Bir an düşündü ama sonunda rahatsız edici geçmişimizi kurcalamanın aptalca olduğuna karar verdi. Yemekten sonra kalktık ve ben her şeyi temizlemeye çalıştım. Gülerek beni durdurdu.

"Onlar gelip her şeyi halledecek," dedi.

"Kim onlar?" Şaşırmıştım.

"Yemeği getiren mutfak personeli," dedi, yüzünde alaycı bir ifade. Birlikte oturma odasına yürüdük ama ben sürekli arkamdaki dağınıklığa bakıyordum.

"Emin misin? Birinin dağınıklığımızı temizlemesine izin vermek kötü hissettiriyor..." Kaşlarımı çattım.

"Buna alışmalısın çünkü son yıllarda böyle yaşıyorum, küçük kardeşim. Artık sefil yaşam yok," dedi şakayla beni dürterek.

Evde büyürken babam etraftayken ve sinirliyken varlığımı hissettirmemek için sürekli temizlik yapıyordum. Annem de öyleydi, sürekli etrafı toparlar ve yemek yapardı. On iki yaşındayken bana da birçok iş yükledi ve hala kendimden sonra temizlik yapma ve ortak alanlarda kendimi nadiren gösterme alışkanlığım var. Bu ilginç bir değişim olacak. Neredeyse huzursuz hissediyorum, sanki kardeşim aklımdan geçenleri görebiliyormuş gibi. Neredeyse "Ben babamız değilim" demek istiyormuş gibi.

Bütün bunları kafamdan atıp gece için izin istedim.
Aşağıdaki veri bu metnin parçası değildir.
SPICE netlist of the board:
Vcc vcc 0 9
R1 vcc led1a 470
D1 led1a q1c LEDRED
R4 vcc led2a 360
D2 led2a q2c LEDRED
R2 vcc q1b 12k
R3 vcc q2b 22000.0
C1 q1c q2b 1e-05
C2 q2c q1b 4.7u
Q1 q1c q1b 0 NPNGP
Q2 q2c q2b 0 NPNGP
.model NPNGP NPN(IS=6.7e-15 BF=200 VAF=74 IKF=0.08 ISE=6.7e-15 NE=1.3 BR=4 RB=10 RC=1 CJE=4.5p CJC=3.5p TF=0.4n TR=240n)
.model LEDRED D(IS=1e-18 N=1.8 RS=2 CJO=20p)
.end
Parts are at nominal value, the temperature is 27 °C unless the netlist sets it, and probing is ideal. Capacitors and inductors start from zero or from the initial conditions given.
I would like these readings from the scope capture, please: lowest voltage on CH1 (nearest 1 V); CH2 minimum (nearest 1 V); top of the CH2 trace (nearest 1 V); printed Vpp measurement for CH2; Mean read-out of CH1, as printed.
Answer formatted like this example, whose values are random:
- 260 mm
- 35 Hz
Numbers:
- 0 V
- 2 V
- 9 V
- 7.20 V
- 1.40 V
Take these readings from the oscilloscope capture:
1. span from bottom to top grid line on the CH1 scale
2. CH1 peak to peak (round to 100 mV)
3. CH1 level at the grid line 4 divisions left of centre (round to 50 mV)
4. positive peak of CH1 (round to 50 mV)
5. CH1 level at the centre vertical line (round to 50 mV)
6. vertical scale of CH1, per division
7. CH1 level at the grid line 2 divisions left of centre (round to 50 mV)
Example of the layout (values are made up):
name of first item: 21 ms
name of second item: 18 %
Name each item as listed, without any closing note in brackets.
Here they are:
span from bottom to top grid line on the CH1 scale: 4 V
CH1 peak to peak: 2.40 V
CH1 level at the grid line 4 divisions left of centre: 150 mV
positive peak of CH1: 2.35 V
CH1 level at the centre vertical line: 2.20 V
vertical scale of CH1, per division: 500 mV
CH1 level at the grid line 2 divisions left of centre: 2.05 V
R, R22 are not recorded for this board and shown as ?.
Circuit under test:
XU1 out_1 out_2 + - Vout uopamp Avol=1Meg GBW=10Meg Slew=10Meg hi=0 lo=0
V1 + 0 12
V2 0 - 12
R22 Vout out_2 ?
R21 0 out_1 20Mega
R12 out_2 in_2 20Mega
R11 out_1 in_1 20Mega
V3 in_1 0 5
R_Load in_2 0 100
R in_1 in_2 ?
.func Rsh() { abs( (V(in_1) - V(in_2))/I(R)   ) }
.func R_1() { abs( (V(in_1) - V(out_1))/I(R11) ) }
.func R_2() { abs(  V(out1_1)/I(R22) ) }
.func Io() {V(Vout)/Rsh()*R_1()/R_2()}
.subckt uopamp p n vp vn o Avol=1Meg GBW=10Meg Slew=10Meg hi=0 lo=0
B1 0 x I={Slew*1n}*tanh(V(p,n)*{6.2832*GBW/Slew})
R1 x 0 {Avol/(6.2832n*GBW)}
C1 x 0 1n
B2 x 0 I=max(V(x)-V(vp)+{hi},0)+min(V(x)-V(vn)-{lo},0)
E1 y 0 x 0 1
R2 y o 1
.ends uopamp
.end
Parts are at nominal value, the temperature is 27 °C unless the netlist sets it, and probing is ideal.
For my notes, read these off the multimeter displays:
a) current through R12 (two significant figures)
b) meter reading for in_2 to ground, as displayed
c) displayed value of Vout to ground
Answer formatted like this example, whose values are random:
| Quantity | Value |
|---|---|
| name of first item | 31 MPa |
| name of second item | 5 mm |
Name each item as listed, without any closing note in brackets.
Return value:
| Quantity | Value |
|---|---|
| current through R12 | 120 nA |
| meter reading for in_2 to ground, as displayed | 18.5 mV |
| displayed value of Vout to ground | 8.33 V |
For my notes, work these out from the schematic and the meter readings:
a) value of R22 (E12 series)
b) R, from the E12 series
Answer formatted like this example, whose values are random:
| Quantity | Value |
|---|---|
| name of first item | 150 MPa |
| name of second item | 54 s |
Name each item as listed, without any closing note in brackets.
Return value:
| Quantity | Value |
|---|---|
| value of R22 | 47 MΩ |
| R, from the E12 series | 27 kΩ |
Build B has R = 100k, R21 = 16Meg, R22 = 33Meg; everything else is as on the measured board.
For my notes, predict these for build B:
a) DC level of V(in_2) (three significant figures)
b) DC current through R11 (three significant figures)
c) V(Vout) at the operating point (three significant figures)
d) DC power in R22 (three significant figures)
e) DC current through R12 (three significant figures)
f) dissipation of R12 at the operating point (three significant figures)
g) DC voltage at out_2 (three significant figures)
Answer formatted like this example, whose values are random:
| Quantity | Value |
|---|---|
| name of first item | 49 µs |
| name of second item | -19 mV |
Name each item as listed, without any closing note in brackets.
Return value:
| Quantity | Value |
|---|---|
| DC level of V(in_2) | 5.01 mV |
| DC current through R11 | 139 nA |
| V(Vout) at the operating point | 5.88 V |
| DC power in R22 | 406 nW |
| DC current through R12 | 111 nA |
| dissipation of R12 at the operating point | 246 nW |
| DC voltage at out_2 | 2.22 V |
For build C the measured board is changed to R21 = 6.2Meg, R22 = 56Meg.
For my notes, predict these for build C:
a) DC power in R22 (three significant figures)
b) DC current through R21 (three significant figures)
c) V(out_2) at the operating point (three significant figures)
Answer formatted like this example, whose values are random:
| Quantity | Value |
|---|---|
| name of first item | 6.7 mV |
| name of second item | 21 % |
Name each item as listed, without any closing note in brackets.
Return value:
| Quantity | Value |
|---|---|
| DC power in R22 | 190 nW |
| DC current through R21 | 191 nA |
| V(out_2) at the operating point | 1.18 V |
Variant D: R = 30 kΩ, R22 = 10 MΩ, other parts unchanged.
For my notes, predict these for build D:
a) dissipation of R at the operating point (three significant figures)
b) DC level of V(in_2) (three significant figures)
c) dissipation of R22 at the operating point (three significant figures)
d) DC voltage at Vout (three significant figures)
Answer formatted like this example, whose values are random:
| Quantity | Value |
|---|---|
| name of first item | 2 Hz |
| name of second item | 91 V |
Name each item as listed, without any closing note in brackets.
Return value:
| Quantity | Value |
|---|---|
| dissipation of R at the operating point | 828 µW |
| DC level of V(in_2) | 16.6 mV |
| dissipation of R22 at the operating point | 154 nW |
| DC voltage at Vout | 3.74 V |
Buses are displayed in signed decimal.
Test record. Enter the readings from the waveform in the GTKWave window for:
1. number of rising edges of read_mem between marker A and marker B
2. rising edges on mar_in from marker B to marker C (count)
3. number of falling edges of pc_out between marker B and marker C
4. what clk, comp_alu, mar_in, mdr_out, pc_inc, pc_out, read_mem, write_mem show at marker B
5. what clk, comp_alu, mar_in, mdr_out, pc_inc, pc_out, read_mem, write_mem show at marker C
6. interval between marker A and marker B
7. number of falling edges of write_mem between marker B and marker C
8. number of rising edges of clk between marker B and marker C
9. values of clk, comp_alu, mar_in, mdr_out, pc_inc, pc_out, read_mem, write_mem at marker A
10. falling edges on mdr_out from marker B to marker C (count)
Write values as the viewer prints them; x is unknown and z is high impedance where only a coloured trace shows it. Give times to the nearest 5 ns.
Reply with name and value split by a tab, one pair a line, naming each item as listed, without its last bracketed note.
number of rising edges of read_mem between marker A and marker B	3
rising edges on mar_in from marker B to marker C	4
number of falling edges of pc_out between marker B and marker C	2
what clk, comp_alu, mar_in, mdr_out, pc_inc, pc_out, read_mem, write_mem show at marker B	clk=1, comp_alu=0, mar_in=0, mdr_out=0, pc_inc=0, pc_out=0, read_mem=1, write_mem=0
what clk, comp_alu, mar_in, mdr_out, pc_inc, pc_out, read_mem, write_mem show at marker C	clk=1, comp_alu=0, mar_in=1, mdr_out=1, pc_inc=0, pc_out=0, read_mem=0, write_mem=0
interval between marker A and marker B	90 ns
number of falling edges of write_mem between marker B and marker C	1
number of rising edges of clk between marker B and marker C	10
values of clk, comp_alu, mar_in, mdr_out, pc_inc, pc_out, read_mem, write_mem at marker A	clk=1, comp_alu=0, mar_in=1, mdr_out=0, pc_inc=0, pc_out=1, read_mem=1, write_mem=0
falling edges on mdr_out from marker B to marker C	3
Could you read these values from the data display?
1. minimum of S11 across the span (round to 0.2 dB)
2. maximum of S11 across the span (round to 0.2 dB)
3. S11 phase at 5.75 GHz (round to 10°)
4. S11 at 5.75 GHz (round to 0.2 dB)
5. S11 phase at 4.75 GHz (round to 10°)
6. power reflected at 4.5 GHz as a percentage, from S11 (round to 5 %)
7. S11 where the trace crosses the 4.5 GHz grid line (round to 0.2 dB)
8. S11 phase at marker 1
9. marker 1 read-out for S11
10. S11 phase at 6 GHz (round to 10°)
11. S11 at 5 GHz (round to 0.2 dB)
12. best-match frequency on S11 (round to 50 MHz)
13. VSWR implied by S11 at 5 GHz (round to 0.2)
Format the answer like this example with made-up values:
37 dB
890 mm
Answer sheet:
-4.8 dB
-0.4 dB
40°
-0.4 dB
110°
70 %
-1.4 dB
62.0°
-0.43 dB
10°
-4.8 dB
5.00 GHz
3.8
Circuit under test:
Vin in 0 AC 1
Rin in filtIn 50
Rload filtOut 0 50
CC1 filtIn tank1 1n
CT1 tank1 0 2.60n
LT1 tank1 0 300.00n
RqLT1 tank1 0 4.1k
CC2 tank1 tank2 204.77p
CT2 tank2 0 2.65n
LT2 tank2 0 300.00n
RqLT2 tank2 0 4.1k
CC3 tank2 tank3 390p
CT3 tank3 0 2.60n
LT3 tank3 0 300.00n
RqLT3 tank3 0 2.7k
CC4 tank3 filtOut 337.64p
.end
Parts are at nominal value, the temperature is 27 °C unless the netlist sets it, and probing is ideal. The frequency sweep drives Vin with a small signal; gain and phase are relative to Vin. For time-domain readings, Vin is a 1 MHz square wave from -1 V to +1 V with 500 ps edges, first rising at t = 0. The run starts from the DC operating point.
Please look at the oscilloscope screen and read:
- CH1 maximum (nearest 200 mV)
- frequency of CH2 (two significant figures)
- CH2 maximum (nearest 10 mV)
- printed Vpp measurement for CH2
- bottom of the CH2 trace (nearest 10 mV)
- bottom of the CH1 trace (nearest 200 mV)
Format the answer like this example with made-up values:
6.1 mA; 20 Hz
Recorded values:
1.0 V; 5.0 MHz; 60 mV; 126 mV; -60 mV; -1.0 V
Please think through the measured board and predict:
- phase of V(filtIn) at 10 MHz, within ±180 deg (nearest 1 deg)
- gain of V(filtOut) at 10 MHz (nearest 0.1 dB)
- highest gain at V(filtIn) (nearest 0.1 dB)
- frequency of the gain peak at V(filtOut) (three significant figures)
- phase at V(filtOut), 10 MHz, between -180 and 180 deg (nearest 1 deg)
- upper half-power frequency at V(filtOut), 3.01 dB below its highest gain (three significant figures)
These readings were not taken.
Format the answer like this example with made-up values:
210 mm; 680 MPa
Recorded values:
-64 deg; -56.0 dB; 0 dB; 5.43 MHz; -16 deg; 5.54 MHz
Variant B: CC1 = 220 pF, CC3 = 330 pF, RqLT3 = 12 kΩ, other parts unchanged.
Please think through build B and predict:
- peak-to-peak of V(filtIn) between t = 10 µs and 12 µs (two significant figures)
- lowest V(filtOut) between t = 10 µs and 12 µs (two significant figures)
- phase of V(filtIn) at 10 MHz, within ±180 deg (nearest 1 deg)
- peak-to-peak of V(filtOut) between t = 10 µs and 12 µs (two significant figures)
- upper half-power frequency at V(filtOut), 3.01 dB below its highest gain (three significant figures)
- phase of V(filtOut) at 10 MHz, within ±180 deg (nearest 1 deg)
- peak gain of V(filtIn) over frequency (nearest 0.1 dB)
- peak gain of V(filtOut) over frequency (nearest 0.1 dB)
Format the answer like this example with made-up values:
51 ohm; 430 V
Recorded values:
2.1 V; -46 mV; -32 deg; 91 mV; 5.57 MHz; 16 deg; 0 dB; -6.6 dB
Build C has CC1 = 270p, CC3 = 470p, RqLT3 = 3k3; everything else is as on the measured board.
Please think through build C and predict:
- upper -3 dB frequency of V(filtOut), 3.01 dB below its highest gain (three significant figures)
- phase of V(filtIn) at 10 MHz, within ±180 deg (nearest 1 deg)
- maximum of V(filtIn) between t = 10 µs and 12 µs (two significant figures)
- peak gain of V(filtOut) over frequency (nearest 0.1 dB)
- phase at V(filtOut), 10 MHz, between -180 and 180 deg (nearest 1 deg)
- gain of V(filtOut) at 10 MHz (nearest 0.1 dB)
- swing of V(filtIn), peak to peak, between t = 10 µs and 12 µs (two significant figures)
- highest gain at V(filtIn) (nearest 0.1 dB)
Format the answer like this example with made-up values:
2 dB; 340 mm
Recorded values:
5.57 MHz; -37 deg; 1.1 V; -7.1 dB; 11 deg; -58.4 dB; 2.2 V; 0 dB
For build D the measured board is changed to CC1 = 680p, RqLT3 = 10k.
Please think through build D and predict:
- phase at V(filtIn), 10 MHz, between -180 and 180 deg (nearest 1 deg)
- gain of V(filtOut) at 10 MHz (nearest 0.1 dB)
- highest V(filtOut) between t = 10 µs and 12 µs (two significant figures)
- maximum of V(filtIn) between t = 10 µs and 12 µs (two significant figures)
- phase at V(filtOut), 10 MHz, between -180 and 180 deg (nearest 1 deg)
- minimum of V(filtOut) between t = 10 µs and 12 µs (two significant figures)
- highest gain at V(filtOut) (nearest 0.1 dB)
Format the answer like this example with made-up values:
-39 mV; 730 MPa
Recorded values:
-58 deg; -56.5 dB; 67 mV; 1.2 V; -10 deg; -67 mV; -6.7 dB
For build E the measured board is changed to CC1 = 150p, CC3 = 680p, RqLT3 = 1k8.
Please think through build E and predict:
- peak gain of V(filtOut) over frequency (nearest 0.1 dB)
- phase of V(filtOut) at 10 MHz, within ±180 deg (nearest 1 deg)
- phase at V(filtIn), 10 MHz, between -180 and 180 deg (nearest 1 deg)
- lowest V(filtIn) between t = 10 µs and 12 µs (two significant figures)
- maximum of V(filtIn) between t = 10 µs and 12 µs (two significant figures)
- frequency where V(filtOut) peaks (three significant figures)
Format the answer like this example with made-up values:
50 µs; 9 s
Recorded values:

Onun ve arkadaşının yanında bir akşam paylaşamam, en iyi arkadaşı varlığımı görmezden gelirken ben sadece onun varlığını hissediyorum. Port Harcourt'ta arkadaşım olmayacak, dürüst olmak gerekirse, lisede kötü biten bir dostluktan beri en iyi arkadaşım olmadı. Çoğu zaman yalnızım ya da hafta sonları kasabamda dışarı çıktığımda yüzeysel arkadaşlıklar kuruyorum. Bu sabah güvenli bir şekilde indiğimi soracak kadar yakın kimse yok, bana doğum günü hediyesi alacak ya da hakkımda özel detayları bilecek kimse yok. Bazen telefonumu kaybediyorum çünkü hep sessizde ve kimse mesaj atmıyor ya da aramıyor. Sadece uzun mesafeli olduğumuzda ya da hafta sonları bir tanıdık dışarı çıkmak istediğinde kardeşim arardı.

Sanırım beni bir insan olarak sevdiklerini bile düşünmüyorum, sanırım benim estetiğimi sevdiler, eğer bu bir anlam ifade ediyorsa. Şehir özellikle moda insanlarıyla böyleydi, görüntü her şeydi. Eşofmanım bile yok, pijamam bile yok. Babam tembel görünümden nefret ederdi, o kadar ki gece kıyafetlerim bile ipek pijama takımları ve benzeri şeylerdi. Zaten o kıyafetlerle odamdan çıkamazdım, şehir bana garip gelmiyordu çünkü buranın narsistler tarafından yönetildiğini düşünüyorum.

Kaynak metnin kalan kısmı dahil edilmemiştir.